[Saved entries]
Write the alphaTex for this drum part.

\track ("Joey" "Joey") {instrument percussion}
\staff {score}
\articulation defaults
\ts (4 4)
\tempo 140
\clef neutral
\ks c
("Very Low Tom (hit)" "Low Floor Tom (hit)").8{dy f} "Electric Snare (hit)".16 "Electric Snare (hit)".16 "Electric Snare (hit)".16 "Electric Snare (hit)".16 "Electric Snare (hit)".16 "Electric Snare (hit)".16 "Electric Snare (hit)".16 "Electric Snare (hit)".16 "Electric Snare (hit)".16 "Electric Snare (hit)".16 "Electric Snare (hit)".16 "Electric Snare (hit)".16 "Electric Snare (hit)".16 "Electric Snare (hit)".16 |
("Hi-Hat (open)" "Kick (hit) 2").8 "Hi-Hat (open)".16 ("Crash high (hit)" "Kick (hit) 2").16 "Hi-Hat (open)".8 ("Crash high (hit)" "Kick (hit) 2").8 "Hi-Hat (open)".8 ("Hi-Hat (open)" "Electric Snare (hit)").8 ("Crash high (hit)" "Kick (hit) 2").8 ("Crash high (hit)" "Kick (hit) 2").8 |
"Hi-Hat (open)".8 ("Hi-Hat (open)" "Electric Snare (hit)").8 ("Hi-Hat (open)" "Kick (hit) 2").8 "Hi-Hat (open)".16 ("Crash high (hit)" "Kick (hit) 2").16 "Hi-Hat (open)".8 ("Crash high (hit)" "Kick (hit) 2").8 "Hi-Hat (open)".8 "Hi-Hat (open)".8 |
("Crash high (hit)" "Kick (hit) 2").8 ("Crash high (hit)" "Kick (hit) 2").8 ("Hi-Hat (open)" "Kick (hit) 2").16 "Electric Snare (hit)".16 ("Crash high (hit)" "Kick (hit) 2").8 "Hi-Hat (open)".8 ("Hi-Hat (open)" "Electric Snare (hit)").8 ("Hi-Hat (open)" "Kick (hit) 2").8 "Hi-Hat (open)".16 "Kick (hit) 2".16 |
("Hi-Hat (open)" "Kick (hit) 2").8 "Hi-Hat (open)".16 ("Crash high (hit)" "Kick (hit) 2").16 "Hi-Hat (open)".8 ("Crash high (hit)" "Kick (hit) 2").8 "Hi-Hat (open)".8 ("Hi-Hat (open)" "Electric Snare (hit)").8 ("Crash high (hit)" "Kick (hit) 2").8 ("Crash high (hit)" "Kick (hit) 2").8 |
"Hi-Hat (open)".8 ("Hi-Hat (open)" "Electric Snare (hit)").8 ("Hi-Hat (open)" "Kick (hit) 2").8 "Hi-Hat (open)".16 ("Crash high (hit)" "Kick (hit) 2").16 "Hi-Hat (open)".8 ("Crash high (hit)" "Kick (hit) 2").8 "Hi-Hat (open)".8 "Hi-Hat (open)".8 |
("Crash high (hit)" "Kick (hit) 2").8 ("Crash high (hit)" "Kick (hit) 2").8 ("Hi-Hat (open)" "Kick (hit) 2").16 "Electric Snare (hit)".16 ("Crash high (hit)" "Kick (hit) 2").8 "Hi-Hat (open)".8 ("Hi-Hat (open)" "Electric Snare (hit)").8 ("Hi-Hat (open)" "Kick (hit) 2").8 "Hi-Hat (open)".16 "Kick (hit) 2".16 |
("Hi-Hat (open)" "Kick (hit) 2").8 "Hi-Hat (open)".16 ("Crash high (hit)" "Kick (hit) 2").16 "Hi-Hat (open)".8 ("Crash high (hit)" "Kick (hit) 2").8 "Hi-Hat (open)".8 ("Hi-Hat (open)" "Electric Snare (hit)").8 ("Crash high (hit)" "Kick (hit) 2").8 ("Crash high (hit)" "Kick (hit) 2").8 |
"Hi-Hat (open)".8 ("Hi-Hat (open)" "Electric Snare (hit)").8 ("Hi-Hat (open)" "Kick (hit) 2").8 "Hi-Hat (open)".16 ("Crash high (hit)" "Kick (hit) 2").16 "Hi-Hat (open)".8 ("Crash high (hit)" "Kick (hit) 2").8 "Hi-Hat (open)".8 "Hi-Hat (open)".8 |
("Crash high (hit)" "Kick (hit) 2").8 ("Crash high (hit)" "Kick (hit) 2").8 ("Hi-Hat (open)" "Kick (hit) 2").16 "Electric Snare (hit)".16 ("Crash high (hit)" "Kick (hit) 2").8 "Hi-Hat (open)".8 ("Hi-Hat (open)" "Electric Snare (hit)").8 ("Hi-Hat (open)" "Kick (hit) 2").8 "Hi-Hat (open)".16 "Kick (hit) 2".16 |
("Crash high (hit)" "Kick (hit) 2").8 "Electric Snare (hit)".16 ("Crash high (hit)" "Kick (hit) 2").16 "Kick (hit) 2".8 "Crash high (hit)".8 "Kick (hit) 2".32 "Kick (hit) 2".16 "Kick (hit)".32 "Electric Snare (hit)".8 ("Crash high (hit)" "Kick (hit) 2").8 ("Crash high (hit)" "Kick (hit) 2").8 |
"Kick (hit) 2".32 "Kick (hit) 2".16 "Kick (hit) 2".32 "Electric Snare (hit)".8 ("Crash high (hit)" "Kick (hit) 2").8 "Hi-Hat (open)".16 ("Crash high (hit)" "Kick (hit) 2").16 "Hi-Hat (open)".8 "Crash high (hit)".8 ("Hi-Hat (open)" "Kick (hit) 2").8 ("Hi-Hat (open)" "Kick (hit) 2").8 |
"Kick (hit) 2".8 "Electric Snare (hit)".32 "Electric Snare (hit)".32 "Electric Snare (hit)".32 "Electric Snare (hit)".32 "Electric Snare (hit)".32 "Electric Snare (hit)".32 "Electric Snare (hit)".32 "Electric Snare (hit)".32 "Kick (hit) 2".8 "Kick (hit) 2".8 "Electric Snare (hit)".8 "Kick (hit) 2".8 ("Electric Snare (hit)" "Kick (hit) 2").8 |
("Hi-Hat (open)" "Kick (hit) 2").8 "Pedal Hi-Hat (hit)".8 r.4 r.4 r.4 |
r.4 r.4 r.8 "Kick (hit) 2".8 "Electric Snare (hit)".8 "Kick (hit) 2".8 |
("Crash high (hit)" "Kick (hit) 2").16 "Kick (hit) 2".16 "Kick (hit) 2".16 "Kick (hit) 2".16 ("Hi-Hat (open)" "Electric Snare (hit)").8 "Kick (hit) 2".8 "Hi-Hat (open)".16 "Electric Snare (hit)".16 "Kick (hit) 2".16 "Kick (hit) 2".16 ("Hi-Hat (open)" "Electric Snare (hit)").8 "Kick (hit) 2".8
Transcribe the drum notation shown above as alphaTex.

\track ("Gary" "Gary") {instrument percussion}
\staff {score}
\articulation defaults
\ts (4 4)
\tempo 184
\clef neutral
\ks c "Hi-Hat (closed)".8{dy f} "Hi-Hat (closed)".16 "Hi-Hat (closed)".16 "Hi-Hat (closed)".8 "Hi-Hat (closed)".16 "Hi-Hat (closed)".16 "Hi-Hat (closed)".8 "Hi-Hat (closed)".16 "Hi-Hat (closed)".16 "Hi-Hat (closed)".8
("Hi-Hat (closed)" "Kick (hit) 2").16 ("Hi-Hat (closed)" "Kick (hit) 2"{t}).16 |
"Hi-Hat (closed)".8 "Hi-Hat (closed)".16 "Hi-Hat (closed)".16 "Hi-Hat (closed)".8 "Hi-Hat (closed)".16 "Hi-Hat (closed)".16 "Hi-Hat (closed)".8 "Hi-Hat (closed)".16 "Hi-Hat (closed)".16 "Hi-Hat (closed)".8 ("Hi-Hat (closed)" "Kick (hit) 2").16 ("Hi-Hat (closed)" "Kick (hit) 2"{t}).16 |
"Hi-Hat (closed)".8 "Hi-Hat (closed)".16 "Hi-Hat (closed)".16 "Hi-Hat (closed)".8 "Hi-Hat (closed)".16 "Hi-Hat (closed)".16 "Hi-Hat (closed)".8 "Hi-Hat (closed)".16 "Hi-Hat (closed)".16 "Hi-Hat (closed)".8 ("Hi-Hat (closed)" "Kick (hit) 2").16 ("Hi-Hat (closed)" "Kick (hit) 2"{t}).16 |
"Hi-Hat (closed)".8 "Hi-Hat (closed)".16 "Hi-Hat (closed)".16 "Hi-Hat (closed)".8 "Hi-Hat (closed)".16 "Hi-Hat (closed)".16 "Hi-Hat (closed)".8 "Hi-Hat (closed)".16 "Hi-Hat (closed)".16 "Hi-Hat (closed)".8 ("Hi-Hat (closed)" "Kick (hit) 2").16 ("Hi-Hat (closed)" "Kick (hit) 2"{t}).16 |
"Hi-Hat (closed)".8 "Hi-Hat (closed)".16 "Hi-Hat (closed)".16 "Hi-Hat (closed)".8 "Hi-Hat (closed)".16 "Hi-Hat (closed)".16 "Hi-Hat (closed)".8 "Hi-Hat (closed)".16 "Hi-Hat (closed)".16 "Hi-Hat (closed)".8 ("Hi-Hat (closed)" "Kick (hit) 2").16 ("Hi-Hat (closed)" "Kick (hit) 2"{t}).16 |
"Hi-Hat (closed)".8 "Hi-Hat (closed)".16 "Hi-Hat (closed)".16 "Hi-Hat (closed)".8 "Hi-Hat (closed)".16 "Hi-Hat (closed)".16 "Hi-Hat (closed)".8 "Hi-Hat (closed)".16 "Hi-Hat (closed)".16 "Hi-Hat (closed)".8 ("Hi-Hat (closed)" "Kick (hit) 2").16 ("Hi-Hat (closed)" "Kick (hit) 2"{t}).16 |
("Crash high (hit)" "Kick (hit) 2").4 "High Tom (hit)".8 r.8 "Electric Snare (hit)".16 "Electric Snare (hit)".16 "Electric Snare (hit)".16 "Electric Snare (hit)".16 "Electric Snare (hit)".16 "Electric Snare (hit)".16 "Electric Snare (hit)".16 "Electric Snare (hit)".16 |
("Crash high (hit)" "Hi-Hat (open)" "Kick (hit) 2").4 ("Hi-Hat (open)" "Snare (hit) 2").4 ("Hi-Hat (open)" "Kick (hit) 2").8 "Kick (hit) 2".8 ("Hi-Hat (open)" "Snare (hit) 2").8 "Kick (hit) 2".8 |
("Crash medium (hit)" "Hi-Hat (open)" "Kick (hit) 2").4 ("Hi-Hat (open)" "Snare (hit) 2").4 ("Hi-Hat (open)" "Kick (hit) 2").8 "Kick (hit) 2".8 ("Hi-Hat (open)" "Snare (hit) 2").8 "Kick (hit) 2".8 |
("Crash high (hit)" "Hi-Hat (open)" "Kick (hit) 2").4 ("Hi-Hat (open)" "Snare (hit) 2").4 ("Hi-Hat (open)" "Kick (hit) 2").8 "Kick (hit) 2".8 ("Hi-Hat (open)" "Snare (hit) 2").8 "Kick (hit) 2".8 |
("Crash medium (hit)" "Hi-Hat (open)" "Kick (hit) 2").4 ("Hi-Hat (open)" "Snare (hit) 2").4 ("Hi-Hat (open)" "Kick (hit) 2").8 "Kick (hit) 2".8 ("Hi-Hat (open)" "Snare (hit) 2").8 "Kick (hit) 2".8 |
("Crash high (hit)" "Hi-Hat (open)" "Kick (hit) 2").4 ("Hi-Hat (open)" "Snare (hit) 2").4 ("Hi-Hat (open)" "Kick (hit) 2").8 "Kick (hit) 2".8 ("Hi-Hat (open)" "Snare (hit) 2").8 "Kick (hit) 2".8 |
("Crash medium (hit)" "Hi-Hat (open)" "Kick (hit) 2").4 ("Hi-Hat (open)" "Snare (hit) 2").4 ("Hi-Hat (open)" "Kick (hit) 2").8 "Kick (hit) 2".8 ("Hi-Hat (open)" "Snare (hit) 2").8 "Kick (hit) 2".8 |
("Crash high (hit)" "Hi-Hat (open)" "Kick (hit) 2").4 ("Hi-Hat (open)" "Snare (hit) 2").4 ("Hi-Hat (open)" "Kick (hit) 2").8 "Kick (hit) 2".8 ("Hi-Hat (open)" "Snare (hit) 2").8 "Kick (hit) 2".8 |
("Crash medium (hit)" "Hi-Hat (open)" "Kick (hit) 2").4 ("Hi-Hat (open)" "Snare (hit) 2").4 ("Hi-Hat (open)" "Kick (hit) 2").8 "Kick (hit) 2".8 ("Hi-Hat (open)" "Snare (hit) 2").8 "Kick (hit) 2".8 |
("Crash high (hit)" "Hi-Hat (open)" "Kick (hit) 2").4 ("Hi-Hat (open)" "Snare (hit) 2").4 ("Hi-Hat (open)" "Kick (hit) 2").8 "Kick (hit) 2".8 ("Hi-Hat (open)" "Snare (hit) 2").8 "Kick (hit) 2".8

### [Task instructions]
Copy out all lines from the records where the word "percussion" appears.

### [Task result]
\track ("Joey" "Joey") {instrument percussion}
\track ("Gary" "Gary") {instrument percussion}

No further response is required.